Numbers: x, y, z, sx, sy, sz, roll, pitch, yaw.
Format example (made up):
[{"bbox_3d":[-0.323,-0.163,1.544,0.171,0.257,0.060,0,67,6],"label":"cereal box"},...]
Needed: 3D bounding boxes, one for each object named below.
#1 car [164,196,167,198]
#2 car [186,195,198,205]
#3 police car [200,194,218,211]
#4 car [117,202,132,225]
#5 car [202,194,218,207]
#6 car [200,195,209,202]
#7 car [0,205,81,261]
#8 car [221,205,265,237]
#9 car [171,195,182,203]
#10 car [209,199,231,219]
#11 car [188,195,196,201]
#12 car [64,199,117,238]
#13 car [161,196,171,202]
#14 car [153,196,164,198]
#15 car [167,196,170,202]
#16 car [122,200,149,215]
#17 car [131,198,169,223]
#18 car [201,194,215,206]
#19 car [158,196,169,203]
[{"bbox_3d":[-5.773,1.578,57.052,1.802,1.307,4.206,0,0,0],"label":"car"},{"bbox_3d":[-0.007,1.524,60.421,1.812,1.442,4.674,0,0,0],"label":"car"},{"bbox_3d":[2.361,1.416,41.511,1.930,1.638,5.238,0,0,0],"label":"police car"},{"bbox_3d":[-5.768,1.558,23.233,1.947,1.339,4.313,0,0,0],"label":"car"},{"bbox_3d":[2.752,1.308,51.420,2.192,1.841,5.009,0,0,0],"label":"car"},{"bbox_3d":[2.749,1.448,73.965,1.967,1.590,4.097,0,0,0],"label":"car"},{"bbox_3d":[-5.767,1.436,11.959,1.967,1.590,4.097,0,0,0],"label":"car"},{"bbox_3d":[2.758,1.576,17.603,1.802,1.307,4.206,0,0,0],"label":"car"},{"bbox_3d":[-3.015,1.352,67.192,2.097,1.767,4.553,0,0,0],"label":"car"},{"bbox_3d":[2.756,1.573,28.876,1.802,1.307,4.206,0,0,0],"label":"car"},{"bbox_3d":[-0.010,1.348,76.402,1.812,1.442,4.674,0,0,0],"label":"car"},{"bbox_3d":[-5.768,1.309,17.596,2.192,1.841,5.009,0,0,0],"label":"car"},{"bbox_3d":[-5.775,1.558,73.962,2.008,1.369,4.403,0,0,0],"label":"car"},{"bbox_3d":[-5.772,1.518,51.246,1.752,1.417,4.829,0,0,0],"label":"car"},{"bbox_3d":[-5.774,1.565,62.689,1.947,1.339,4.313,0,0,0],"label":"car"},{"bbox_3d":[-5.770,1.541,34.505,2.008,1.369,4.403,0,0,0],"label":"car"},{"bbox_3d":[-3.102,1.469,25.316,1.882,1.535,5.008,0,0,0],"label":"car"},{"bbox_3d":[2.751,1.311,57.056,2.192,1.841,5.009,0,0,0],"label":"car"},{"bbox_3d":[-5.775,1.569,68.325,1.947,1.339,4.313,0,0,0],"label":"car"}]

* Instructions to follow
All of the entries above, written out exactly, make up the reply.

* Output for this exercise
Numbers: x, y, z, sx, sy, sz, roll, pitch, yaw.
Format example (made up):
[{"bbox_3d":[-0.323,-0.163,1.544,0.171,0.257,0.060,0,67,6],"label":"cereal box"},...]
Needed: 3D bounding boxes, one for each object named below.
#1 car [164,196,167,198]
#2 car [186,195,198,205]
#3 police car [200,194,218,211]
#4 car [117,202,132,225]
#5 car [202,194,218,207]
#6 car [200,195,209,202]
#7 car [0,205,81,261]
#8 car [221,205,265,237]
#9 car [171,195,182,203]
#10 car [209,199,231,219]
#11 car [188,195,196,201]
#12 car [64,199,117,238]
#13 car [161,196,171,202]
#14 car [153,196,164,198]
#15 car [167,196,170,202]
#16 car [122,200,149,215]
#17 car [131,198,169,223]
#18 car [201,194,215,206]
#19 car [158,196,169,203]
[{"bbox_3d":[-5.773,1.578,57.052,1.802,1.307,4.206,0,0,0],"label":"car"},{"bbox_3d":[-0.007,1.524,60.421,1.812,1.442,4.674,0,0,0],"label":"car"},{"bbox_3d":[2.361,1.416,41.511,1.930,1.638,5.238,0,0,0],"label":"police car"},{"bbox_3d":[-5.768,1.558,23.233,1.947,1.339,4.313,0,0,0],"label":"car"},{"bbox_3d":[2.752,1.308,51.420,2.192,1.841,5.009,0,0,0],"label":"car"},{"bbox_3d":[2.749,1.448,73.965,1.967,1.590,4.097,0,0,0],"label":"car"},{"bbox_3d":[-5.767,1.436,11.959,1.967,1.590,4.097,0,0,0],"label":"car"},{"bbox_3d":[2.758,1.576,17.603,1.802,1.307,4.206,0,0,0],"label":"car"},{"bbox_3d":[-3.015,1.352,67.192,2.097,1.767,4.553,0,0,0],"label":"car"},{"bbox_3d":[2.756,1.573,28.876,1.802,1.307,4.206,0,0,0],"label":"car"},{"bbox_3d":[-0.010,1.348,76.402,1.812,1.442,4.674,0,0,0],"label":"car"},{"bbox_3d":[-5.768,1.309,17.596,2.192,1.841,5.009,0,0,0],"label":"car"},{"bbox_3d":[-5.775,1.558,73.962,2.008,1.369,4.403,0,0,0],"label":"car"},{"bbox_3d":[-5.772,1.518,51.246,1.752,1.417,4.829,0,0,0],"label":"car"},{"bbox_3d":[-5.774,1.565,62.689,1.947,1.339,4.313,0,0,0],"label":"car"},{"bbox_3d":[-5.770,1.541,34.505,2.008,1.369,4.403,0,0,0],"label":"car"},{"bbox_3d":[-3.102,1.469,25.316,1.882,1.535,5.008,0,0,0],"label":"car"},{"bbox_3d":[2.751,1.311,57.056,2.192,1.841,5.009,0,0,0],"label":"car"},{"bbox_3d":[-5.775,1.569,68.325,1.947,1.339,4.313,0,0,0],"label":"car"}]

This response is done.